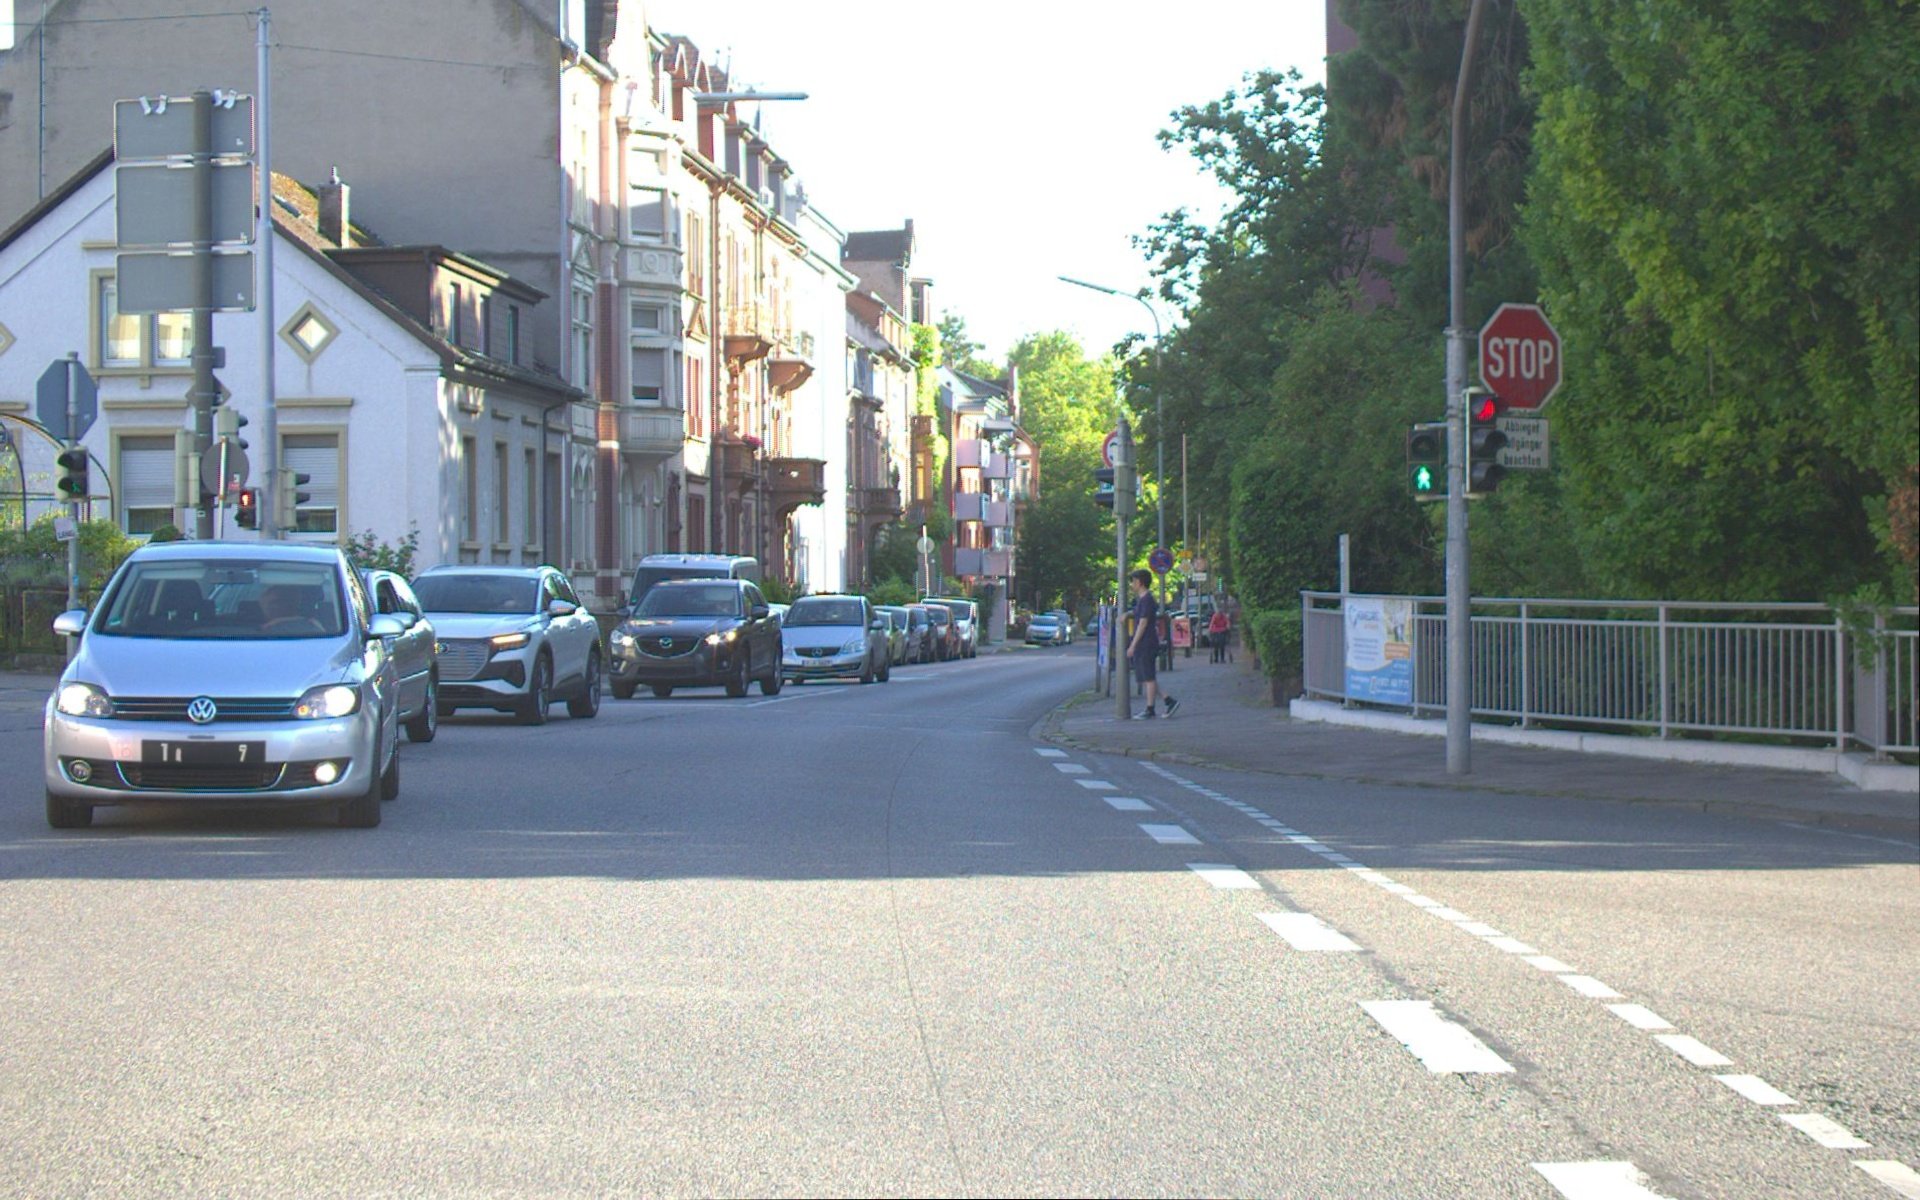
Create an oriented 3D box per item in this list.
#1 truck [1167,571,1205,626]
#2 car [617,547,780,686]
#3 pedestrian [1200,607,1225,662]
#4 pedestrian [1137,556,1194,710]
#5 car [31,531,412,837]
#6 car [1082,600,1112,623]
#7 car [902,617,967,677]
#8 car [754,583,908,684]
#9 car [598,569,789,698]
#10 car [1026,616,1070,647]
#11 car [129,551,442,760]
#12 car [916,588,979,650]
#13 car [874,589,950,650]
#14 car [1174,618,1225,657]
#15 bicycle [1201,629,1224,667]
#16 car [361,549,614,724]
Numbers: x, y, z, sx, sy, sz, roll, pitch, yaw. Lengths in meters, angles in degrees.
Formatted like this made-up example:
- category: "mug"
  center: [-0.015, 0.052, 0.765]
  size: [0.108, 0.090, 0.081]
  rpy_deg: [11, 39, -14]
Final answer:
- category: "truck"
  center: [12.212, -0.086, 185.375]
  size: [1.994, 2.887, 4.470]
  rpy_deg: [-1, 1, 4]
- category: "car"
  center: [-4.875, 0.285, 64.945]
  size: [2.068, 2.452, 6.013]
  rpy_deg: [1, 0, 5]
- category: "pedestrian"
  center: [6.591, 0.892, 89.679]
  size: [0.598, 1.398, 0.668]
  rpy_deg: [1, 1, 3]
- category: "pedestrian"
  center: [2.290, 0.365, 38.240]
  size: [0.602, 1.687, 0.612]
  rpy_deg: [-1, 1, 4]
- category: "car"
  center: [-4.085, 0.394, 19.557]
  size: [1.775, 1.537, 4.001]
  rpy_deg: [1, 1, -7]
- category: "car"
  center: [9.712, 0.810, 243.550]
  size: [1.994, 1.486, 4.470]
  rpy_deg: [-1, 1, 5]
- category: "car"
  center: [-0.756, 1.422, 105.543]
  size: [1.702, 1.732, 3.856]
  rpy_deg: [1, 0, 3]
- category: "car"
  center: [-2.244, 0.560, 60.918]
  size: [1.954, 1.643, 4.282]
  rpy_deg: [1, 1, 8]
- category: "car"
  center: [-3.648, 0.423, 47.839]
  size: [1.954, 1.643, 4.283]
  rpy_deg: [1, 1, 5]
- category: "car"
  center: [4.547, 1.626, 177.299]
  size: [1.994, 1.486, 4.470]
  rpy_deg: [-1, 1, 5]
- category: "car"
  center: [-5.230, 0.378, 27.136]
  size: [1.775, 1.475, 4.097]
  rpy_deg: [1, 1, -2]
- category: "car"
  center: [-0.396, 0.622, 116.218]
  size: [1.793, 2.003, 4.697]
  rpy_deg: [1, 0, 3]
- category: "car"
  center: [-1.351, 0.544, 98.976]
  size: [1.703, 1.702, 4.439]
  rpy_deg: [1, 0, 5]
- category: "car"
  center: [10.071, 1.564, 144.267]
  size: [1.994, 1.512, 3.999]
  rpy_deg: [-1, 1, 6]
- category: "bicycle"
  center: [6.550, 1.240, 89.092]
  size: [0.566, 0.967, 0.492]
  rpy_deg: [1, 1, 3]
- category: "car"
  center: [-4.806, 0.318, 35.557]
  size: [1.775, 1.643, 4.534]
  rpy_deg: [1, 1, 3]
...
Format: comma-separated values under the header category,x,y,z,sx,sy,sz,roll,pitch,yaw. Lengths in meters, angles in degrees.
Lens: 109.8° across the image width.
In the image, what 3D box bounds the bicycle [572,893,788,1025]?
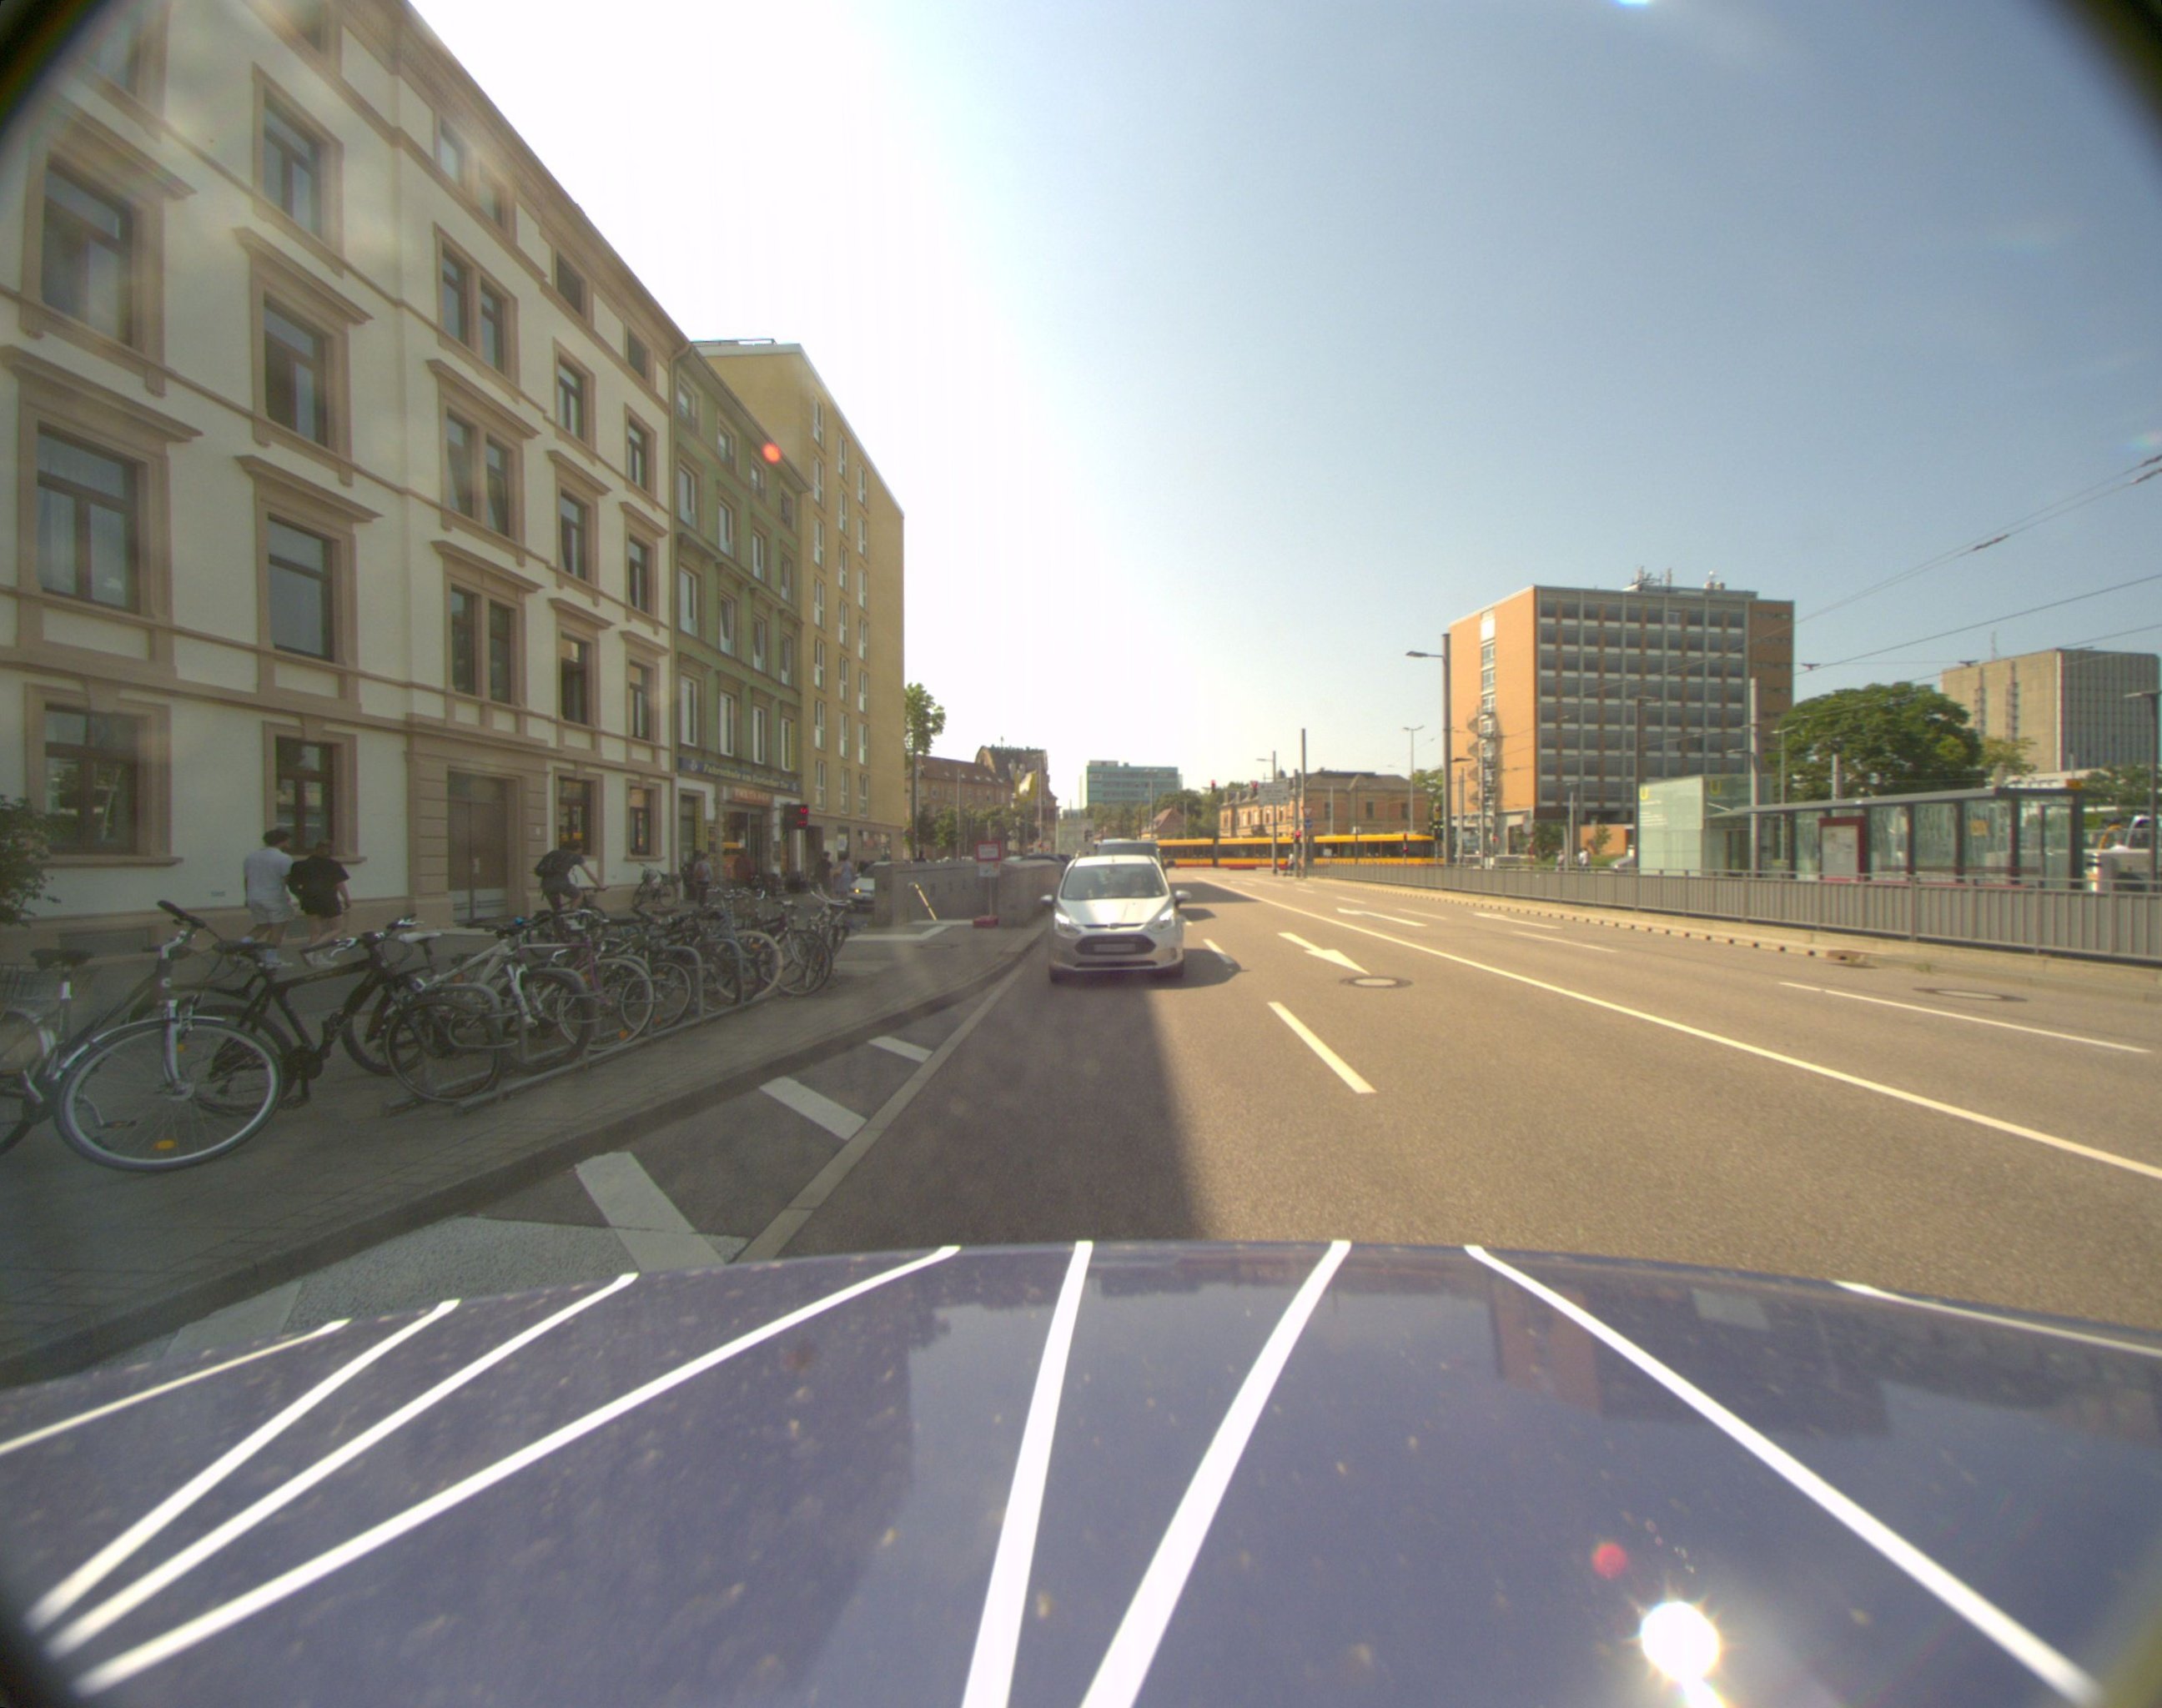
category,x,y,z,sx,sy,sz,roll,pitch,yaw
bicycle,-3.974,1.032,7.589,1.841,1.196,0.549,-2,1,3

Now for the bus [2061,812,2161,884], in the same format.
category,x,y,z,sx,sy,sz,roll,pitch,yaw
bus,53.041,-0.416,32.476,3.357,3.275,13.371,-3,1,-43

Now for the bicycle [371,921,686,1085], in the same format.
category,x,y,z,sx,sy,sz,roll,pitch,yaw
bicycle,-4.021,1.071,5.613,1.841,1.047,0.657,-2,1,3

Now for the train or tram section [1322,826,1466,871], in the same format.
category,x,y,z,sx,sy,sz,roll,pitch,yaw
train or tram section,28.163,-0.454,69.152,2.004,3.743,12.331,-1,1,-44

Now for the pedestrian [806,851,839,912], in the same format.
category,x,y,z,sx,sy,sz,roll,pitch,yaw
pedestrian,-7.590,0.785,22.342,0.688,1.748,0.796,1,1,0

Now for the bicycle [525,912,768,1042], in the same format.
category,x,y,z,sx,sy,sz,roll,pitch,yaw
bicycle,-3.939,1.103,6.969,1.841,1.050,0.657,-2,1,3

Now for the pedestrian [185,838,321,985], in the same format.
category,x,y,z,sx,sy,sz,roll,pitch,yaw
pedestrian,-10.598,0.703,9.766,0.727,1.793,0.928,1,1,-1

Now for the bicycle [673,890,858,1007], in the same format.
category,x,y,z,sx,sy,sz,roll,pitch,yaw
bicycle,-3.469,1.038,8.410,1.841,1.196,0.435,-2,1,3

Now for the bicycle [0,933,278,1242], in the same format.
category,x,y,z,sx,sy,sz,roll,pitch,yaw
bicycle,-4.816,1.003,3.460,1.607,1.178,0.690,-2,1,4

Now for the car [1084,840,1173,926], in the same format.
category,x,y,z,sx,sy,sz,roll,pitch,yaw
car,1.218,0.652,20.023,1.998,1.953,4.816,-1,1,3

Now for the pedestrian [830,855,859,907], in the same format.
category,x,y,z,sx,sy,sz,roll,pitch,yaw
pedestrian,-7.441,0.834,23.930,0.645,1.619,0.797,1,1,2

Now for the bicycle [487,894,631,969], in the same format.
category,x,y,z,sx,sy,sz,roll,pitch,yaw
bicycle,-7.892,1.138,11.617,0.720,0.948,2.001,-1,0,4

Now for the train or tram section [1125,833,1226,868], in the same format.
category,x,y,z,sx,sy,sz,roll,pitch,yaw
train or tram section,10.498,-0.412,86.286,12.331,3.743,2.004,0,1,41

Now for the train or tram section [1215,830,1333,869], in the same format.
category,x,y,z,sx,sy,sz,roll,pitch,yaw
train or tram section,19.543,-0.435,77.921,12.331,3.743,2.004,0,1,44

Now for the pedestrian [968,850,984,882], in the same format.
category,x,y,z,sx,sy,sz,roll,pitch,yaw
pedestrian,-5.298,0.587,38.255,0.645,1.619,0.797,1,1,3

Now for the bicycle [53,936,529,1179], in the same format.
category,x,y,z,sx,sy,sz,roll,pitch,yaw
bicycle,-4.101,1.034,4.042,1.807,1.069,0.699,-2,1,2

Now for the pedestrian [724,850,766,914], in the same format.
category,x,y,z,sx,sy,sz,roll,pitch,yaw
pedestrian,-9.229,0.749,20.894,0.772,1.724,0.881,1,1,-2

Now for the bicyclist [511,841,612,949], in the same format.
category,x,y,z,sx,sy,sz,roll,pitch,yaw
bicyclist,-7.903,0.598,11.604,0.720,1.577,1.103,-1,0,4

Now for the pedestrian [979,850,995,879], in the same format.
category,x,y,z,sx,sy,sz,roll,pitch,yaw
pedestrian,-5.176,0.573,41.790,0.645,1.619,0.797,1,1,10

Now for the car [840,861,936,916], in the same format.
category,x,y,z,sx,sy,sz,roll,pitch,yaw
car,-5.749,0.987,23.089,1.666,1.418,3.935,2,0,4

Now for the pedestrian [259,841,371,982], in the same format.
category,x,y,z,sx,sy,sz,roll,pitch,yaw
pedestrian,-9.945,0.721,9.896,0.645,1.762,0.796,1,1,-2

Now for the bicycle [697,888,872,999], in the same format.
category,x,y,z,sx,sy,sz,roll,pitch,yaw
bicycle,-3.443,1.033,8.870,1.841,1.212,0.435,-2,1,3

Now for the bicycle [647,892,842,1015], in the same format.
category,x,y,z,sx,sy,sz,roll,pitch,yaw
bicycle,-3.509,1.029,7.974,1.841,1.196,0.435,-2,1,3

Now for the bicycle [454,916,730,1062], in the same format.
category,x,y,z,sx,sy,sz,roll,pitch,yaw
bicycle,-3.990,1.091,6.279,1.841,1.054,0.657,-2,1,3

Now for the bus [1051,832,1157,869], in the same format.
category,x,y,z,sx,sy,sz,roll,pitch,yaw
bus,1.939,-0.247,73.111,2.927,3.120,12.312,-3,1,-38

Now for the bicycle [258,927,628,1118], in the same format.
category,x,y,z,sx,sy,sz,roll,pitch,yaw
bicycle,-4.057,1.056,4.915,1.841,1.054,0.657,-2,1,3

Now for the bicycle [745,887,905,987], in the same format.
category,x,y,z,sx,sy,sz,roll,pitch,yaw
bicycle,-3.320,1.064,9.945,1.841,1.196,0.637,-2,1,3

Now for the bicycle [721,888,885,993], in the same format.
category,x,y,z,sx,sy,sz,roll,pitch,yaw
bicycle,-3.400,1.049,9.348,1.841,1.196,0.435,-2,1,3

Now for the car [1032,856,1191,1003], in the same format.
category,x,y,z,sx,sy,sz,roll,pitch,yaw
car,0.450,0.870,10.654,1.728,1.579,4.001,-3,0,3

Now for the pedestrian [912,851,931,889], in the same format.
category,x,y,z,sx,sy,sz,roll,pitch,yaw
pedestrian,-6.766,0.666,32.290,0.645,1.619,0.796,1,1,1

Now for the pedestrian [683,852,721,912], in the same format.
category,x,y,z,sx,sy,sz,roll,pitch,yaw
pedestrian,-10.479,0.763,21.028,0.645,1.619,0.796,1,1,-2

● Exercise
Identify the lines of the data that contain the word "angles". Copy each of them.

● Solution to this exercise
Numbers: x, y, z, sx, sy, sz, roll, pitch, yaw. Lengths in meters, angles in degrees.
Format: comma-separated values under the header category,x,y,z,sx,sy,sz,roll,pitch,yaw. Lengths in meters, angles in degrees.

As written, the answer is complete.